Challenge: Migrate app development to the cloud to increase developer efficiency, accelerate innovation, improve security and speed deployments
Solution: Moved software development to CloudBees CI on Amazon EKS, improving productivity, security and supporting the continuous delivery of innovative solutions on the Salesforce platform
Successfully migrated DevOps to AWS EKS
Increased developer productivity
Introduced innovative technologies such as Kubernetes
Improved scalability of DevOps
Product: CloudBees CI
Since its founding more than 20 years ago, Salesforce has emerged as one of the world’s top Software as a Service companies. Known for its market-leading customer relationship management (CRM) platform, San Francisco-based Salesforce has successfully broadened its offerings to include cloud-based solutions for customer service, marketing automation, analytics and application development.

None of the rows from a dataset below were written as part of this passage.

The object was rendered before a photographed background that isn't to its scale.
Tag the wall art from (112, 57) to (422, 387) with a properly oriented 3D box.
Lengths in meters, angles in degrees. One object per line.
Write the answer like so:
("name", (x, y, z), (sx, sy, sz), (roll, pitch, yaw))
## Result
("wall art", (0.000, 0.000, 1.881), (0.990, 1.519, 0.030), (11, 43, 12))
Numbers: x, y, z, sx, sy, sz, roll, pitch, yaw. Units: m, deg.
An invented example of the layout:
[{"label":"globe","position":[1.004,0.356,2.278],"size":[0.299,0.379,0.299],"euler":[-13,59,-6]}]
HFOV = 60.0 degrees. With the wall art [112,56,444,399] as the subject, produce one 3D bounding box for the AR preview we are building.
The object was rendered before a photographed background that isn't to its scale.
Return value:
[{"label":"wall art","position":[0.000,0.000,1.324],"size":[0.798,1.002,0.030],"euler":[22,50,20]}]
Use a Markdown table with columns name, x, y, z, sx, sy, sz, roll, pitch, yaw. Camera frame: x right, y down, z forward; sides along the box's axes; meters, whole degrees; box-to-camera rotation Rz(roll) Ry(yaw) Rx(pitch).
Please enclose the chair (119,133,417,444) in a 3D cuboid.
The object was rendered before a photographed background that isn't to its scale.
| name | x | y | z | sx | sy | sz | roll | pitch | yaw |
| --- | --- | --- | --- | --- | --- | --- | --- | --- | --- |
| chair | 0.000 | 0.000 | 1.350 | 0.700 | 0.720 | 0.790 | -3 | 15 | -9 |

Thousands of software developers and business users build powerful Salesforce-based enterprise applications using a platform called Force.com, part of the Salesforce Customer 360 Platform. Salesforce’s IT organization, through its business technology group, helps manage the development platform.
The group’s DevOps team plays a key role in the development process. "We make sure that developers are equipped with the latest technologies and tooling,” says Aaron Nassiry, DevOps engineer, with Salesforce’s business technology group. "Our goal is to let the developers focus on their core skillsets and features and get the immediate feedback they need.”

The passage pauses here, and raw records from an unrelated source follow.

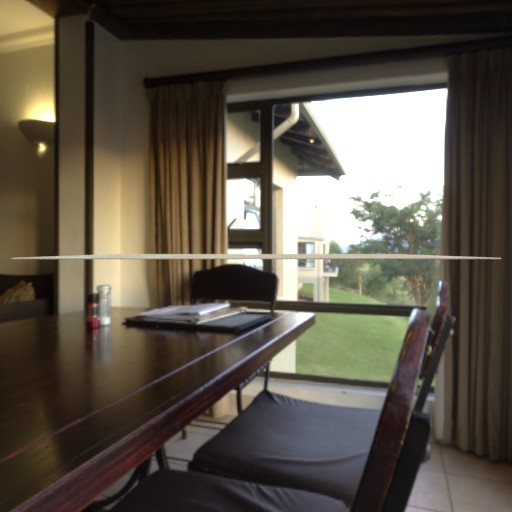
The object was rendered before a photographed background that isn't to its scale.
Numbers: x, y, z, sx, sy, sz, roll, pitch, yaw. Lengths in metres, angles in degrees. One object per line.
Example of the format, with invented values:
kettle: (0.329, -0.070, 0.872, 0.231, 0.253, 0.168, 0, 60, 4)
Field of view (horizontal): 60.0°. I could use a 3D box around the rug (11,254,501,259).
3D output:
rug: (0.000, 0.000, 2.828, 2.286, 0.006, 1.524, 0, 1, 0)
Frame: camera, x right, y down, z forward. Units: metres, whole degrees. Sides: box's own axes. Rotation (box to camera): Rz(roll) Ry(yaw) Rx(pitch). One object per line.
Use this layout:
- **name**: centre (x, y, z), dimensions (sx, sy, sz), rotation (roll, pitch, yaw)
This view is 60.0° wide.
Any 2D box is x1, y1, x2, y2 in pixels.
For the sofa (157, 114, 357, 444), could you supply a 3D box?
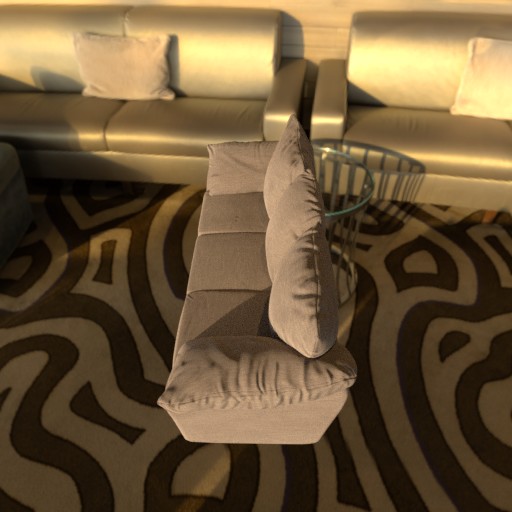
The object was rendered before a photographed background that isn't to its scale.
- **sofa**: centre (0.000, 0.000, 2.915), dimensions (0.927, 1.043, 2.390), rotation (1, 41, 1)
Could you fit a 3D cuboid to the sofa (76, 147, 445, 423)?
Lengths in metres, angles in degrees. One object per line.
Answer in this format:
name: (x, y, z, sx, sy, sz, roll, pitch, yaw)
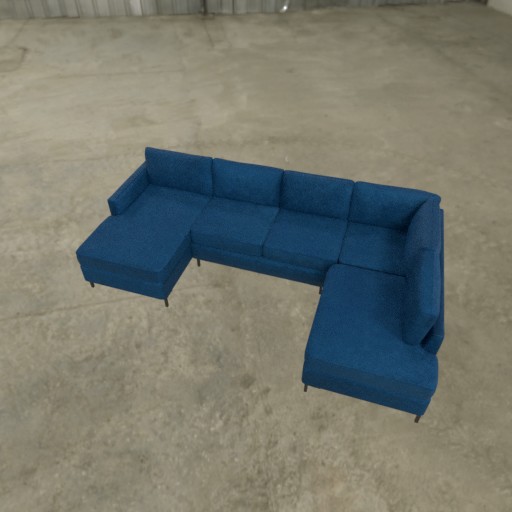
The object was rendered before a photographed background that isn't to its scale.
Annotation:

Salesforce’s fast growth has encouraged more developers to create applications on the Force.com platform. Currently, the group works with about 1,200 developers across 60 to 70 teams, putting pressure on the DevOps team to keep developers supplied with the latest tools and techniques. "There are all kinds of tools coming into the market all the time,” says Nassiry. "Our job is to make sure we’re utilizing the right technologies and providing the right guidance to our scrum teams.”

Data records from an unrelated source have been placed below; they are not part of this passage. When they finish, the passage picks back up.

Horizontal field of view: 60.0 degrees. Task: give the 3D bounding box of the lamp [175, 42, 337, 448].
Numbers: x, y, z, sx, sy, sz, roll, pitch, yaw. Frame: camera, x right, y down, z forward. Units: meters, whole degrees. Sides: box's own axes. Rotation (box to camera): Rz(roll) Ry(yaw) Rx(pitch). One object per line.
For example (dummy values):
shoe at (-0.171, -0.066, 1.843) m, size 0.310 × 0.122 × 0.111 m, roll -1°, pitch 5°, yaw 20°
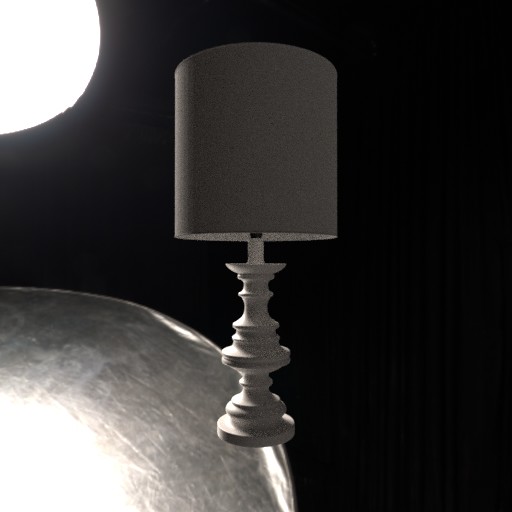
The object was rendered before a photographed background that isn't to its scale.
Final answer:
lamp at (0.000, 0.000, 0.576) m, size 0.208 × 0.455 × 0.208 m, roll 0°, pitch -1°, yaw -36°

One of Salesforce’s important software development tools is Jenkins. For years, engineers used CloudBees Jenkins Enterprise to automate and accelerate code integration and delivery. Initially, development work was hosted on the group’s own datacenter and used by about 70 development teams at the time.
But the on-premise datacenter environment wasn’t ideal. The underlying server infrastructure – composed mostly of Linux virtual machines (VMs) managed by Puppet – was more than five years old. Changes were increasingly difficult to make, sometimes taking up to a month. "You’d basically have to work through 100 different steps to make it work right,” says Venkat Kothapalli, DevOps engineer with Salesforce.
Adding capacity was also tough. To keep up with demand, administrators were forced to add more VMs and that meant more management overhead. Other inefficiencies made scaling the system difficult. For example, development teams were stuck running static Jenkins agents that needed constant maintenance. And since the agents were running continuously, they consumed significant energy and other resources, keeping costs elevated.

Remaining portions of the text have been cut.